Mui is one of those places that has suffered a disaster that isn’t considered devastating or grisly enough anymore for Jungle’s clientele. Its chief attractions are a desert sinkhole (that ‘didn’t really look scary anymore, or like anything special at all’) and a sixty-year old massacre event, when the native Kanu tribe ‘used farming tools to massacre [and behead] the Unda, a rival tribe. The manager of Belle Epoque, the only hotel resort on the island, pleads with Yona to save the Mui itinerary: ‘Since signing a contract with Jungle and building the resort, Mui has been tailoring everyday life to fit its role as a disaster zone…if disaster disappears from Mui, life disappears, too.’ His pleas make clear the predicament of many places on this planet—like my home country of Cyprus, also on the map of dark destinations—that have become inextricably dependent on tourism and foreign capital.
The Disaster Tourist’s plot unfolds as an existential, and at times horrifying, mise-en-abyme, where Yona’s role as a powerbroker on Mui is constantly undermined by a gnawing sense of her still being controlled by Jungle and its local affiliate Paul, an elusive conglomerate that controls everything on the island.
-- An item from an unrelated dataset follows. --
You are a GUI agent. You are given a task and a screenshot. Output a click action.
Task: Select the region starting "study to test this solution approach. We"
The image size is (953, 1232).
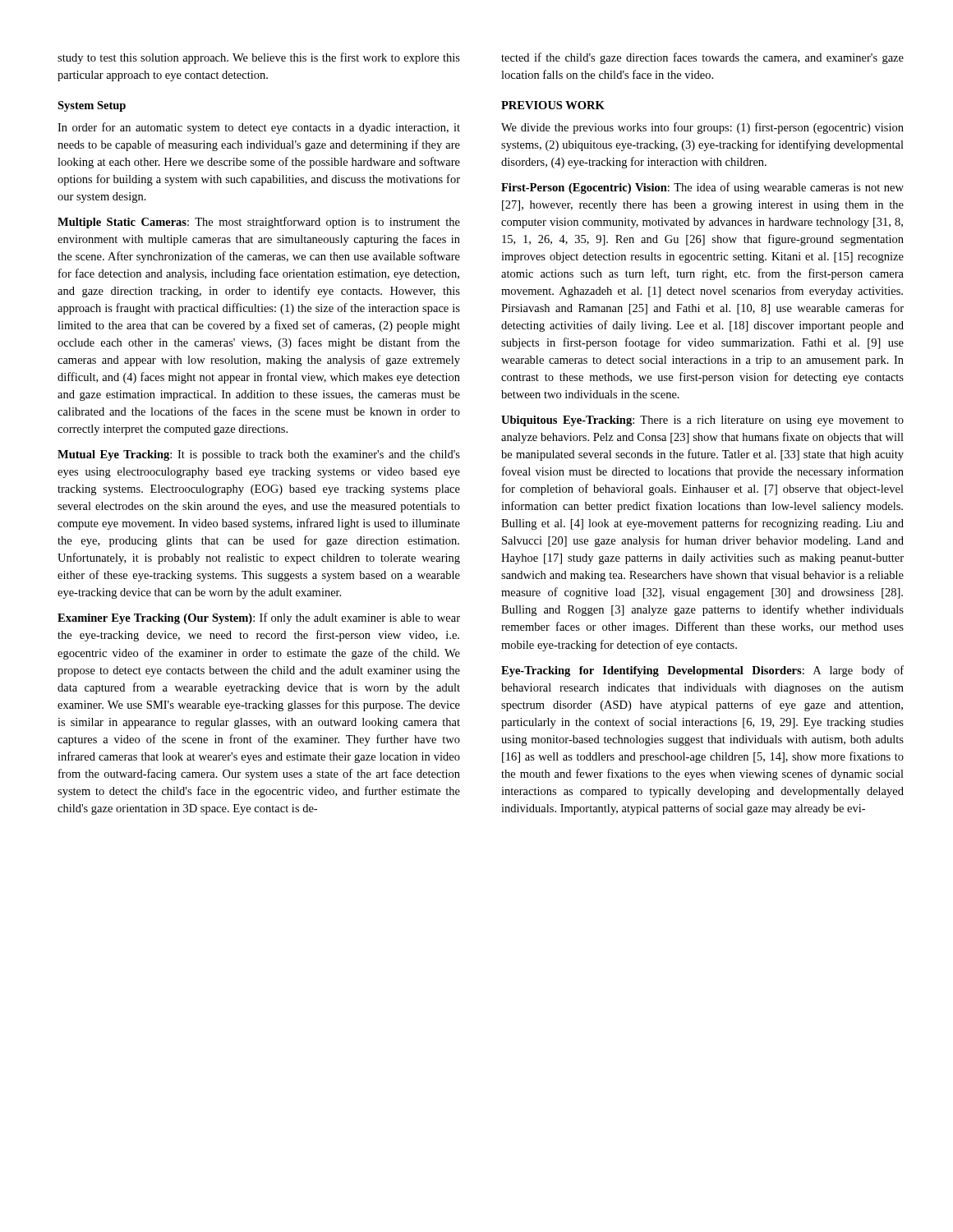259,67

The novel’s harrowing climax reveals that the island is so invested in its role as a resort for foreign travelers, that its native inhabitants are willing to sacrifice their lives for a place on the global tourist map. In the word’s of the hotel manager: ‘There’s not really a difference between dying in a natural disaster and starving to death, is there?’
The cannibalistic impulse at the heart of Jungle’s business model—only an extension of what real-life travel agencies offer, not an exaggeration—reflects a broader trend in contemporary society, which gobbles down sugar-coated versions of history in the form of entertainment, reducing the traumatic events of far-away places to social media-engineered wanderlust or high-grossing Netflix series. For a big part of at least the Western societies I have lived in, past events and historical figures are only as good as the amount of entertainment and spectacle they can provide to a contemporary audience with a rapidly declining concentration span.
There were moments in The Disaster Tourist where Yun Ko-eun could have given more; extending Yona’s insight further, revealing her backstory more fully. At the same time, the effect of Ko-eun’s withholding is undeniably powerful: like Kafka’s characters, Yona is as much an individual as she is a type, an every-woman of a twenty-first-century malaise defined by climate existentialism and solitary living in sprawling mega-cities such as Seoul. It is unclear whether Yona has always been a good fit for Jungle’s macabre, and cynical, business, or whether her ten years at the firm have turned her into someone that believes, wholeheartedly, that ‘disaster lay[s] dormant in every corner, like depression.’ Whatever the case, the result is the same: Yona is drawn, inexorably, towards a literal and metaphorical sinkhole, and Ko-eun’s novel treats Yona’s demise as a non-event; until, that is, her story is framed as tragedy and becomes the central focus of Jungle’s new Maui itinerary.
Dark tourism is human society’s basest voyeuristic instincts come to light. It highlights our attraction to raw spectacle and to the pornographic. It also confronts us with a human quality that is much more prevalent, and engrained, than we’ll admit, and which The Disaster Tourist captures perfectly: our often shocking lack of empathy.